I scoped out the rest of the dreamscape and blasted three more Drudes back into the ether. When the InDetect didn’t pick up any more, I holstered my pistol, put my hands on my hips, and tried to remember the reboot technique. If I did it right, George would wake up demon free, with a vague memory of pleasant dreams. Tina’s trespassing, Mama’s live cremation, the trashing of his dreamscape—all of that would be gone. Overwritten. Not even a trace lingering downstairs in his subconscious.
If I did it right.
This much I remembered: to reboot somebody’s dreams, you had to use the dream portal as a conduit to import, from the real world outside, the raw materials to rebuild the ruined dreamsca
pe. Essences, not actual objects. I didn’t want to pull in the bedroom dresser or, God forbid, Tina. Instead, I needed colors, emotions, thoughts, memories—the ingredients we all use in an infinite variety of recipes to cook up our dreams.
There was a spell to pull in those essences. A word, a phrase maybe, that summoned the raw materials of dreams. What was it? Aunt Mab made me memorize it when she taught me how to use the dream portal, but damned if I could remember it now. I tried essence in English, then in Welsh. The dream portal sat there, empty, doing nothing but sparkling in shades of white and gray in this colorless world. Raw materials—I was sure the spell had something to do with that, so I tried all the synonyms I could think of: ingredients , core, infrastructure, primary elements, source. I also tried the Welsh equivalent when I knew it. I thought I’d had it when I tried dream-stuff, but nothing happened. Nothing worked.
Beneath my feet, the ground trembled and shifted. A sigh blew through the dreamscape like a gust of wind. George was stirring. I checked my watch, then shook it. The damn thing said it was 4:37 on Wednesday, February 1, 1792. The guy who’d sold it to me said it would work in here, and, like an idiot, I’d believed him. Time has no meaning in dreams, even though it keeps ticking away relentlessly in the real world. I must’ve been in here for hours by now; George’s sleeping pill would wear off soon.
“Work, damn you!” I shouted at the portal, kicking it and causing a shower of sparks. My voice echoed, and the trembling intensified.

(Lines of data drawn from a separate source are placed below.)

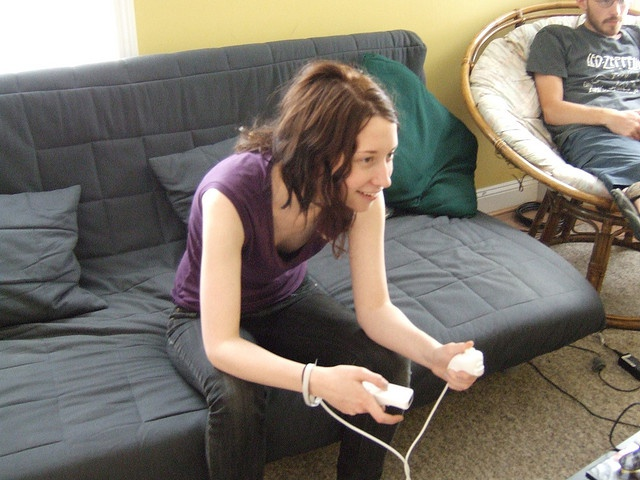Describe the objects in this image and their specific colors. I can see couch in white, gray, black, and darkgray tones, people in white, black, gray, tan, and maroon tones, chair in white, ivory, black, darkgray, and maroon tones, people in white, gray, darkgray, lightgray, and tan tones, and remote in white, darkgray, gray, and tan tones in this image. 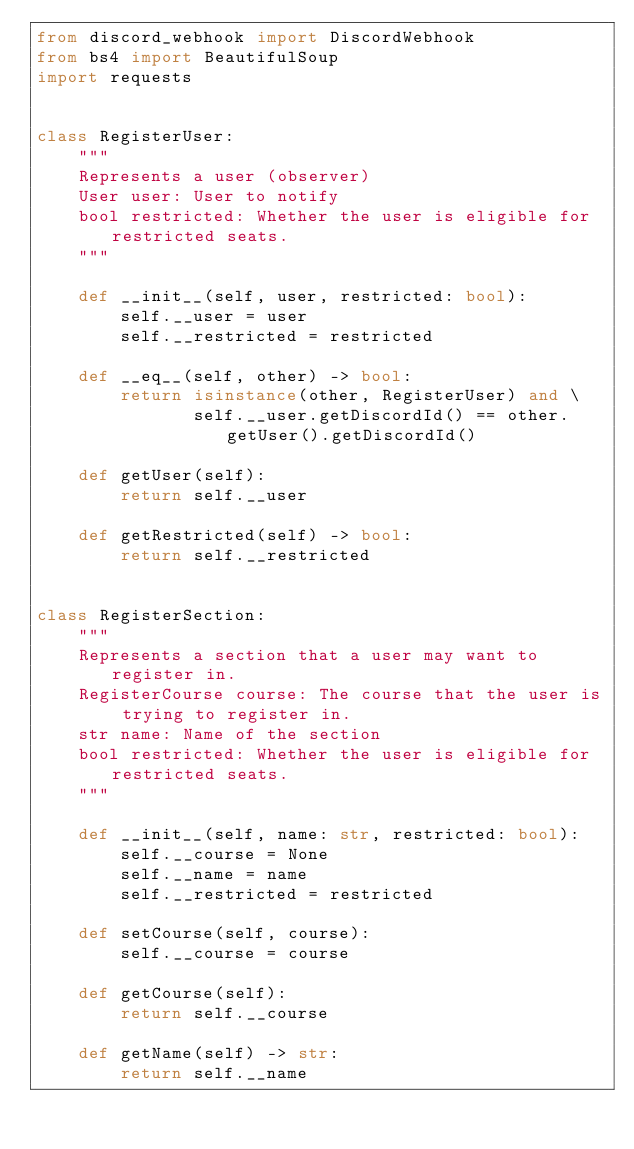<code> <loc_0><loc_0><loc_500><loc_500><_Python_>from discord_webhook import DiscordWebhook
from bs4 import BeautifulSoup
import requests


class RegisterUser:
    """
    Represents a user (observer)
    User user: User to notify
    bool restricted: Whether the user is eligible for restricted seats.
    """

    def __init__(self, user, restricted: bool):
        self.__user = user
        self.__restricted = restricted

    def __eq__(self, other) -> bool:
        return isinstance(other, RegisterUser) and \
               self.__user.getDiscordId() == other.getUser().getDiscordId()

    def getUser(self):
        return self.__user

    def getRestricted(self) -> bool:
        return self.__restricted


class RegisterSection:
    """
    Represents a section that a user may want to register in.
    RegisterCourse course: The course that the user is trying to register in.
    str name: Name of the section
    bool restricted: Whether the user is eligible for restricted seats.
    """

    def __init__(self, name: str, restricted: bool):
        self.__course = None
        self.__name = name
        self.__restricted = restricted

    def setCourse(self, course):
        self.__course = course

    def getCourse(self):
        return self.__course

    def getName(self) -> str:
        return self.__name</code> 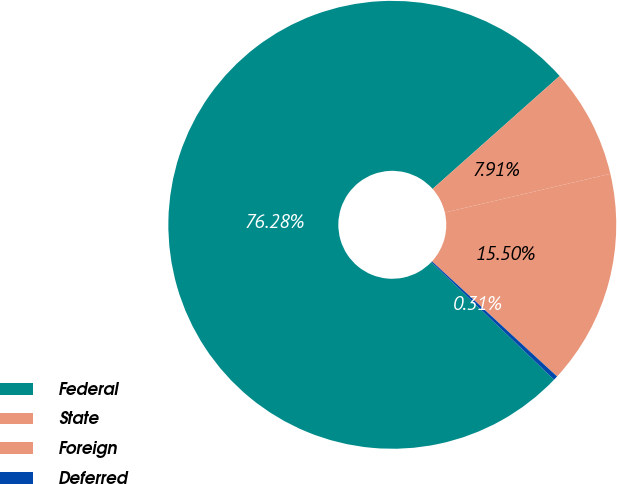Convert chart. <chart><loc_0><loc_0><loc_500><loc_500><pie_chart><fcel>Federal<fcel>State<fcel>Foreign<fcel>Deferred<nl><fcel>76.28%<fcel>7.91%<fcel>15.5%<fcel>0.31%<nl></chart> 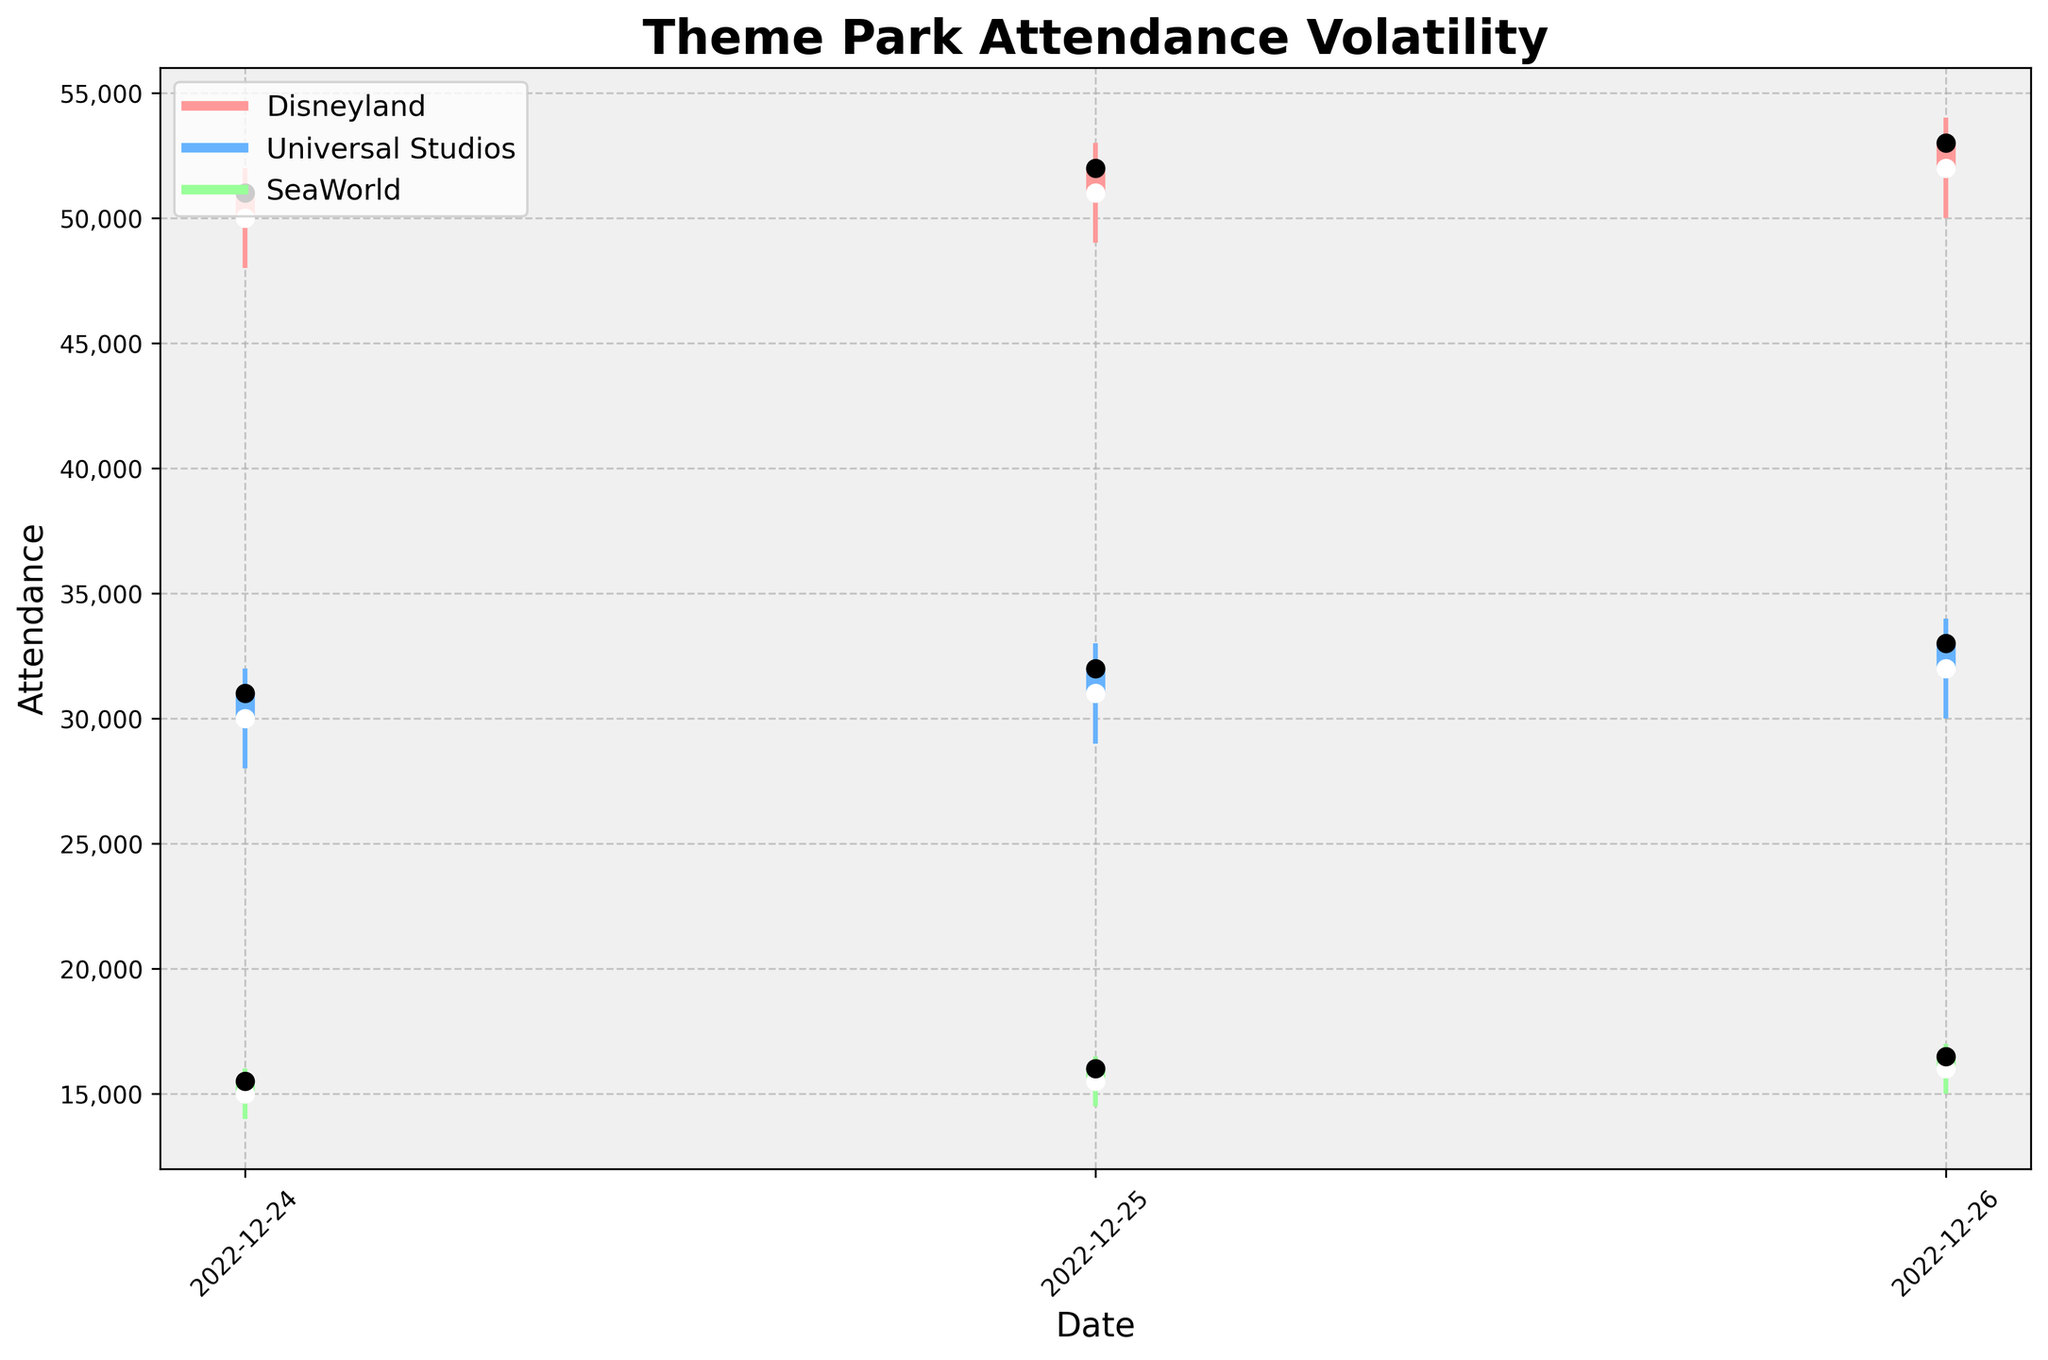What's the title of the plot? Look for the largest text at the top of the plot which represents the title.
Answer: Theme Park Attendance Volatility When was the highest attendance for Disneyland? Identify the highest point on the High line for Disneyland and observe its corresponding date on the x-axis. The highest value occurs on December 26, 2022, with an attendance of 54,000.
Answer: 2022-12-26 Which park had the lowest attendance on December 24, 2022? Compare the Low points for each park on December 24, 2022, and identify the smallest value. SeaWorld had the lowest with 14,000.
Answer: SeaWorld What was the closing attendance for Universal Studios on December 25, 2022? Look for the closing value (indicated by the end of the thicker vertical bar) for Universal Studios on the given date. It was 32,000.
Answer: 32,000 On which date did all three parks have the highest attendance fluctuations (range between High and Low)? Calculate the range for each park on each date and summarize them. December 26th has the highest fluctuation across all three parks.
Answer: 2022-12-26 What is the average daily closing attendance for SeaWorld? Sum the closing attendances for SeaWorld across all days and divide by the number of days (15,500 + 16,000 + 16,500) / 3.
Answer: 16,000 Which park had the most consistent (smallest range) attendance across the three holiday periods? Compare the range (High - Low) for each park across all dates and calculate their averages. SeaWorld consistently shows the smallest range.
Answer: SeaWorld Was there any day when the opening attendance was higher than the closing attendance for all parks? Check if the opening values were higher than the closing values for each park on any specific day. This was observed on no day across the dataset.
Answer: No How does the attendance of Universal Studios on December 26, 2022, compare to the attendance of Disneyland on December 24, 2022? Compare the closing attendances: Universal Studios on December 26 was 33,000 and Disneyland on December 24 was 51,000.
Answer: Lower What can you infer about holiday attendance trends from the plot? Examine overall attendance movement trends across the dates, observing the general increase in attendance closer to the more significant holidays (as seen for all parks).
Answer: Increasing closer to holidays

What was the magic phrase? I needed Aunt Mab’s help. I’d have to try calling her on the dream phone. The Cerddorion, the race of Welsh shapeshifters to which I belong, have a psychic link to others of their kind that they can use while sleeping. All you have to do is concentrate on the person you want to connect with, and you open the connection. In your dream, the air begins to swirl and shimmer with that person’s colors—all souls have their own colors—and, if they’re willing to talk to you, you can have a conversation. Sometimes it worked when you called from inside another person’s dreams. And Mab was powerful enough to answer even if she was awake.